Configured memory balloon size:      0 MB

Thank you,
John

[socratis]

OK, you're close, we're getting there. Filter looks (almost) OK. The procedure, I'm not sure:

• Edit your filter and delete all the values except Name, VendorID, ProductID. Make sure there is no residual "spaces" (" ") in the remaining fields.
• Unplug the card reader. Start the VM. Log in. Plug the card reader.

[oldmacdude]

Ok,
Thank you,
I went ahead and set the filter as mentioned, with the same results.

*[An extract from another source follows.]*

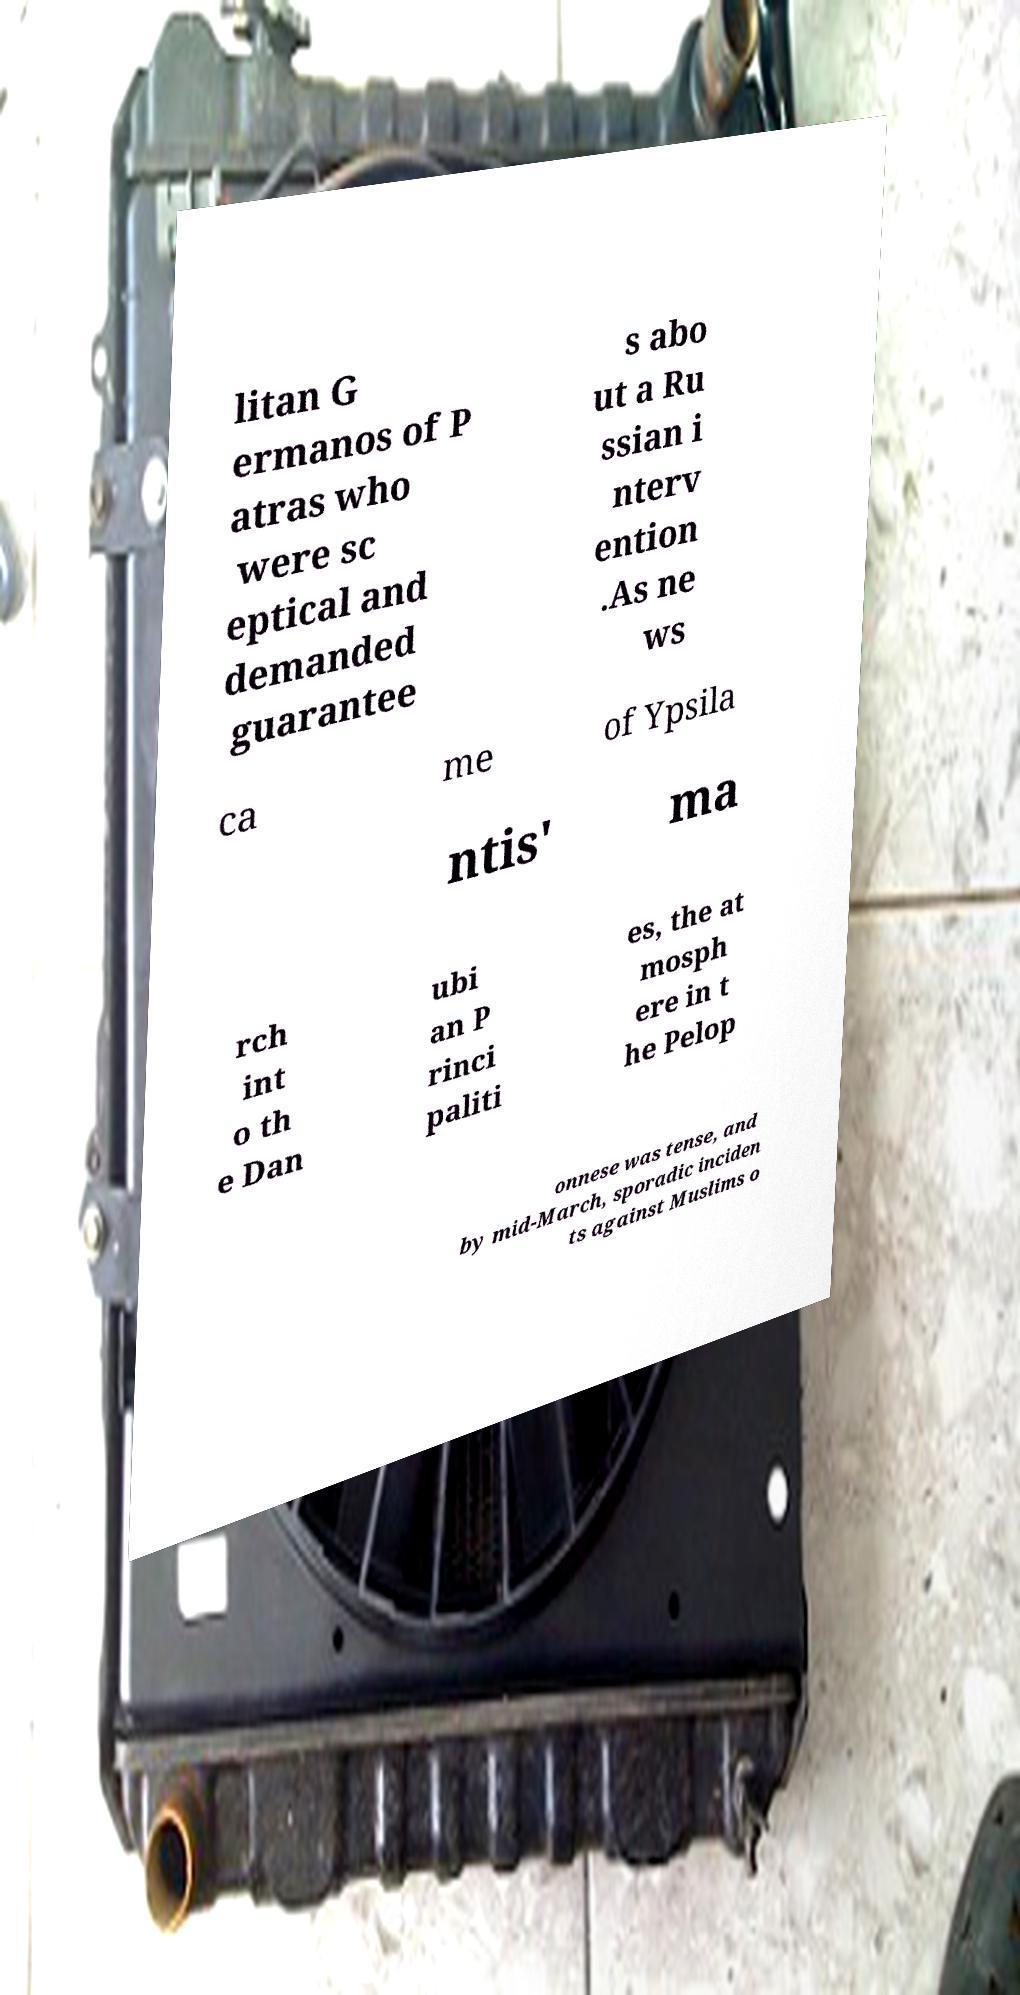Can you accurately transcribe the text from the provided image for me? litan G ermanos of P atras who were sc eptical and demanded guarantee s abo ut a Ru ssian i nterv ention .As ne ws ca me of Ypsila ntis' ma rch int o th e Dan ubi an P rinci paliti es, the at mosph ere in t he Pelop onnese was tense, and by mid-March, sporadic inciden ts against Muslims o

it tells me the token in the reader cannot be used due to an error 229 (which is apparently a pretty generic "something isn't working." error)

Thank you again,
John

[socratis]

You talked only about the filters. I will assume that you plugged the USB after you logged in the VM. This is vital.

Can you post the exact error message? Attach a screenshot if you have to...

[oldmacdude]

Thank you again,
Yes, I plugged it in after the VM was launched. Otherwise, the host OS captures it and the VM can't see it.
the exact messages are from the guest OS logs.

client1:MacOS user$ security export-smartcard
security: SecItemCopyMatching: ffff9d2c (-24300) - The specified item could not be found in the keychain.

from the logs:
securityd CSSM Exception: 229 CSSM_ERRCODE_DEVICE_FAILED
securityd token in reader SCM Microsystems Inc. SCR 355 cannot be used (error 229)

I would think it was a problem with the guest OS, since the reader is seen, and it's just the smartcard that isn't working, but it seems to work when running an identical VM on the VMware trial version.
I am still hunting up possible solutions down that avenue as well though.

Thanks again,
John

[socratis]

Can you do me a favor and enable the xHCI controller in the VM settings, Ports, USB?

[oldmacdude]

woohoo!
Socratis, you are a genius. That worked.

Thank you!
John

Now to figure out how to get freeipa in VM to use smartcard authentication with my VM mac client.

[socratis]

I remember reading a developer's comments that even if you have a USB2 device, even if your host supports only USB2, enabling the USB3 controller (if your guest supports it) might actually be better. I thought you'd give it a shot. Glad it worked!